It’s been more than nine months now since politicians across America “temporarily” shut down K-12 schools in their jurisdictions as part of an extraordinary effort to combat the spread of COVID-19.
Last summer, as more and more became known about COVID-19, there emerged a strong, worldwide consensus among public health specialists that schoolchildren face less risk from COVID-19 than they do from the flu and that schools are not important vectors of the pandemic.
Nevertheless, many if not most K-12 public schoolchildren are still not attending school in-person this winter. And the principal reason why is the inordinate power wielded by teacher union bosses over school operations in the vast majority of the 50 states.
With few exceptions, union officials have fought school reopenings, tooth and nail. Their fierce resistance would be reasonable if COVID-19 posted a major risk to schoolchildren or to educators themselves.
But the fact is that the risk to kids is very low. Children aged 5-17 are far less likely to be hospitalized for COVID-19 than they are for the seasonal flu, according to Center for Disease Control and Prevention statistics. Children are also far less likely to die from COVID-19 than they are from the flu.
It’s also true, as an article published in the scientific journal Nature in October noted, that young children infected with COVID-19 are far less likely to transmit it than adults are, and adolescents are no more likely to transmit this disease than adults are.
“Data gathered worldwide,” the article stated, “are increasingly suggesting that schools are not hot spots for coronavirus infections.”
Teachers who offer instruction to children in person are for that reason almost certainly no more likely to be infected with COVID-19 than people who work somewhere other than at a school.
While there is minimal, if any, health benefit from keeping schools shuttered, the educational costs are high.
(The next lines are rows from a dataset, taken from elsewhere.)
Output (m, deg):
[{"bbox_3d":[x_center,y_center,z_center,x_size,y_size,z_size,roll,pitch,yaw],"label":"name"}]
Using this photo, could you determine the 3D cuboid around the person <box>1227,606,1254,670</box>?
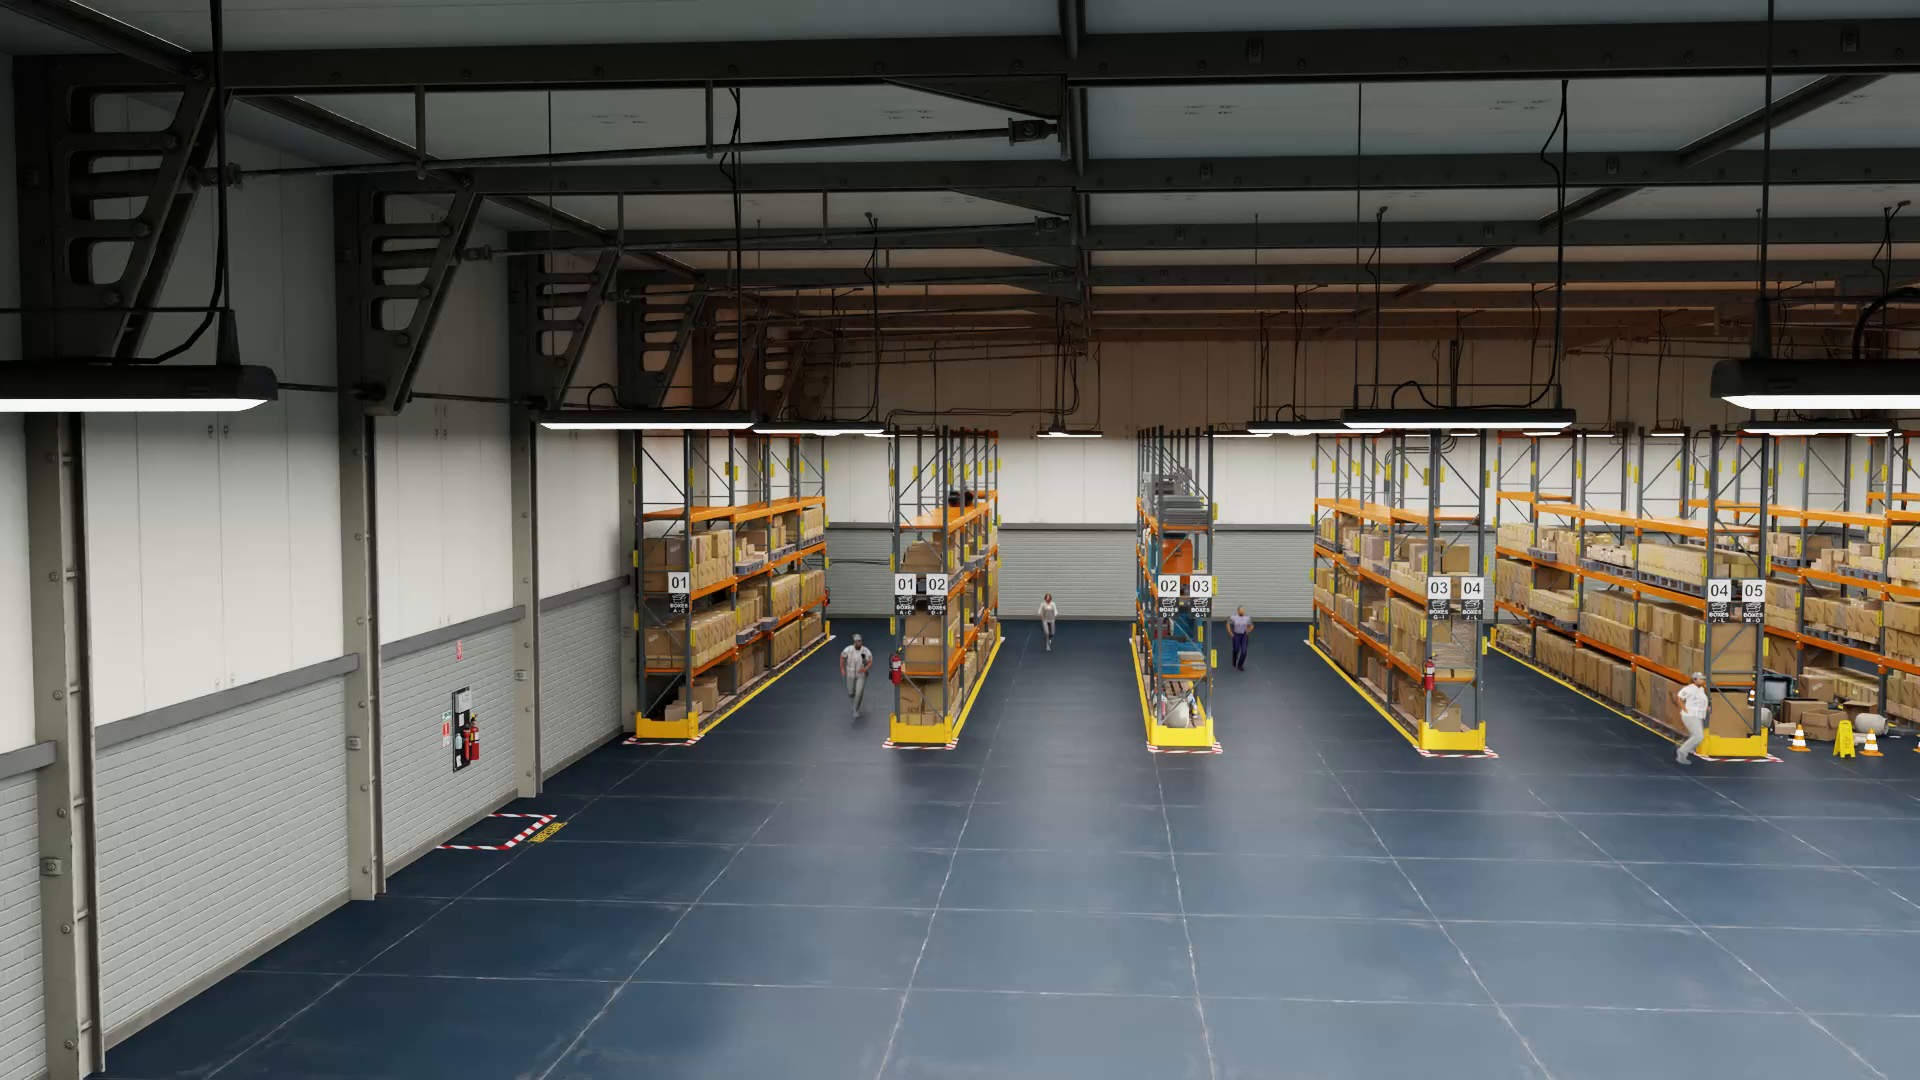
[{"bbox_3d":[6.970,2.439,41.278,0.668,1.606,0.505,0,3,2],"label":"person"}]

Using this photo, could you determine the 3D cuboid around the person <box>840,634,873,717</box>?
[{"bbox_3d":[-2.152,2.803,34.542,0.702,1.740,0.707,0,3,3],"label":"person"}]

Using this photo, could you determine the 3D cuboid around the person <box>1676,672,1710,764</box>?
[{"bbox_3d":[13.003,3.146,29.411,0.617,1.620,0.513,-3,4,-39],"label":"person"}]

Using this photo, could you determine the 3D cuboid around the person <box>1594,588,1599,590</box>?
[{"bbox_3d":[17.025,2.163,44.713,0.687,1.738,0.551,0,3,-8],"label":"person"}]

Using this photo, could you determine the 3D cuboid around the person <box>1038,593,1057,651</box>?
[{"bbox_3d":[2.388,2.227,45.295,0.535,1.548,0.566,0,3,-6],"label":"person"}]

In school districts where classes continue to be online only, there is ample evidence the quality of instruction is lower than it was before. Students are failing more classes. And more kids are dropping out of school altogether.
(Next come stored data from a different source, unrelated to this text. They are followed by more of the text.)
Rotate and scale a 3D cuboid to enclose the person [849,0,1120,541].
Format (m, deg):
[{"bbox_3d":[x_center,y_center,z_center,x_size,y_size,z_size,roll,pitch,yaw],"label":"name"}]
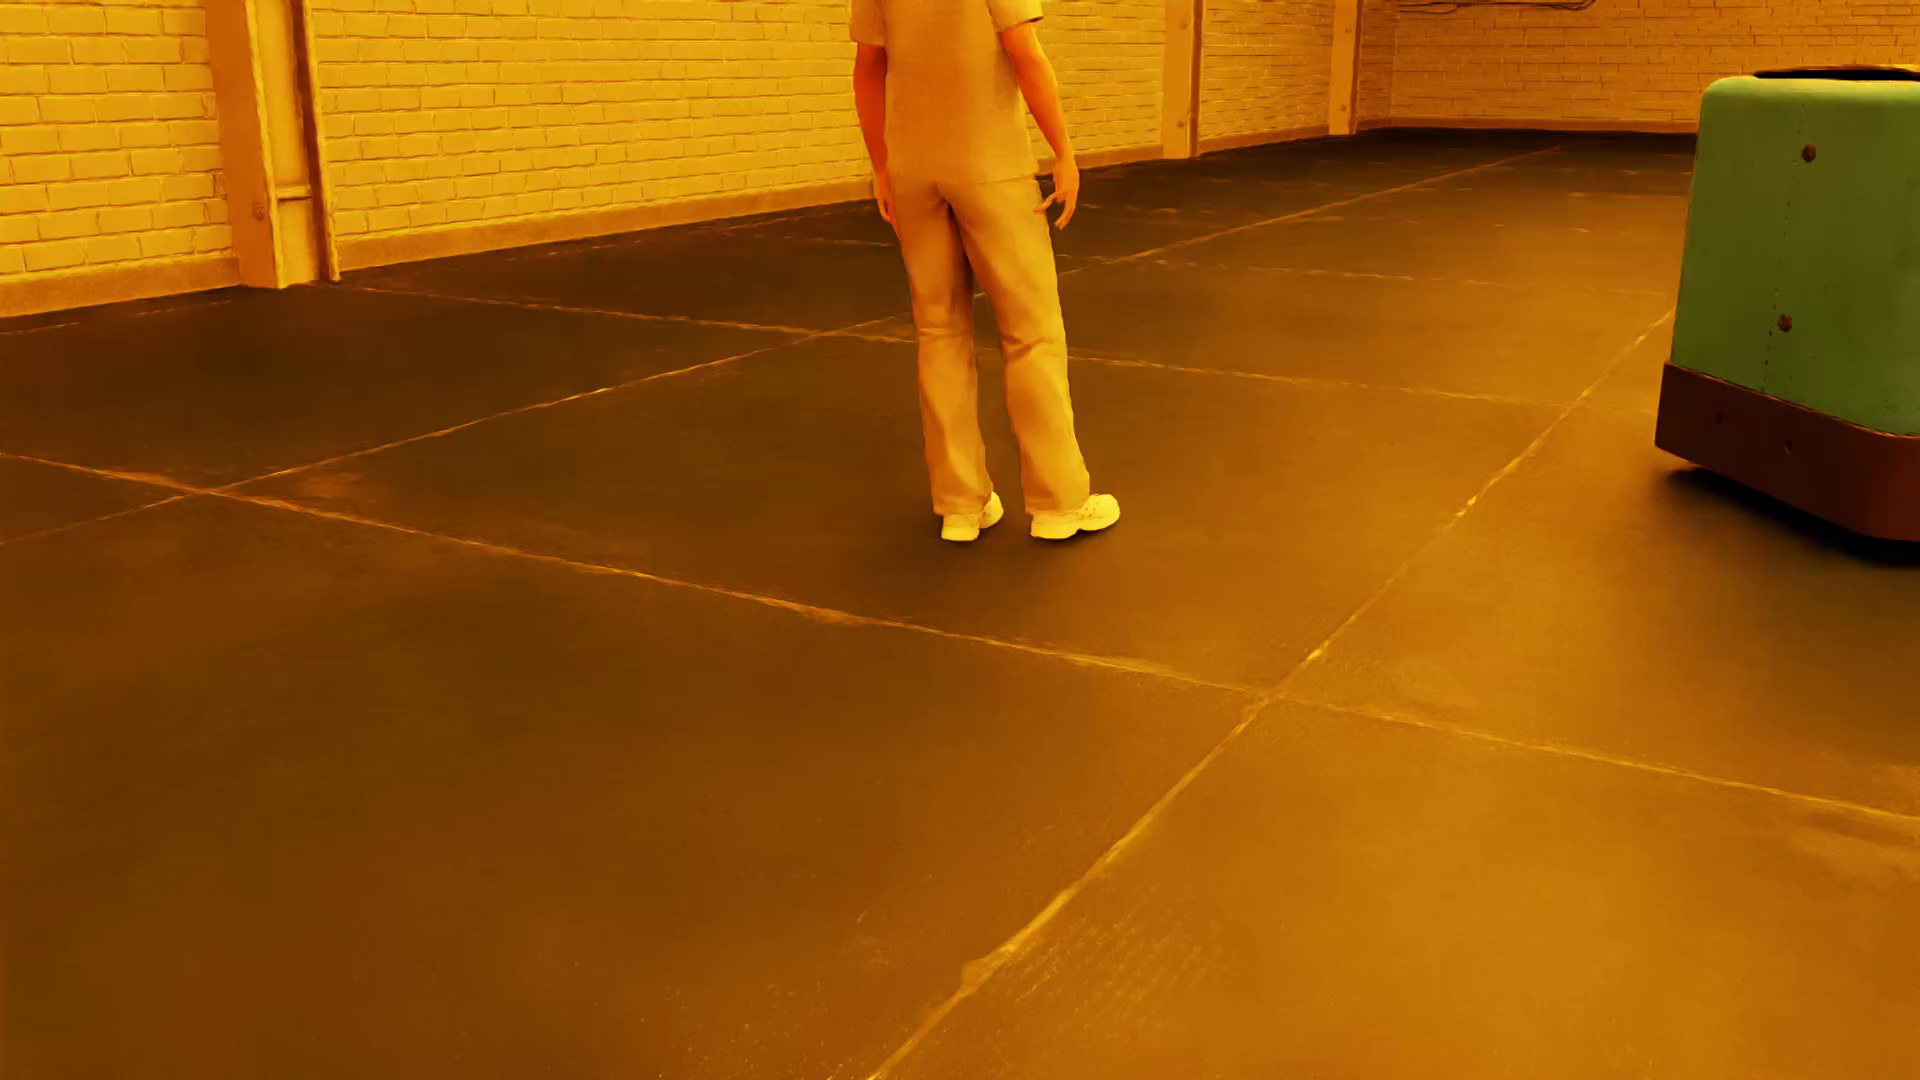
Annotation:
[{"bbox_3d":[0.052,-0.821,3.866,0.550,1.657,0.532,9,19,28],"label":"person"}]

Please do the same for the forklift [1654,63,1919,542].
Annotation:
[{"bbox_3d":[3.513,-1.531,4.051,3.031,2.935,1.130,-2,17,-7],"label":"forklift"}]

As the evidence mounts that their kids are being denied the benefits of in-person instruction for no good reason, parents in many school districts are demanding that schools reopen, and this winter more and more city and state elected officials seem to be heeding them.
That infuriates union bosses like Becky Pringle, who assumed the presidency of the mammoth National Education Association (NEA) union last September.
According to Pringle, school officials, mayors, and governors who fight to keep schools open, or reopen them, while making good-faith efforts to ensure they operate safely, are “bullying” teachers “into returning...to classrooms!"
This comes even as Pringle and other powerful teacher union bosses insist that their members be fast-tracked for COVID-19 vaccinations.
Expressing sentiments undoubtedly shared by many parents of school-aged children around the country, National Review correspondent Jim Geraghty has noted that Pringle’s bullying crack epitomizes how “teachers’ unions are quite content” with the “status quo of students attempting to learn from home.” This attitude, suggests Geraghty, is worthy of scorn.
As infuriating as the hostility of Big Labor bosses to school reopenings is, it wouldn’t matter much if politicians in more than 30 states hadn’t passed laws granting union bosses monopoly-bargaining powers over how teachers in public schools are compensated and managed.
These special-interest statutes have turned the NEA and the American Federation of Teachers unions into political juggernauts across the U.S., even in states like North Carolina and Texas that have sensibly refused to adopt government-sector monopoly-bargaining laws.
Counterproductive state labor laws are the key reason why school reopenings in cities like Chicago and New York will be an uphill battle. And concerned parents and everyone else who cares about the future of education in America should favor repeal of all state monopoly-bargaining laws.
Stan Greer is senior research associate for the National Institute for Labor Relations Research.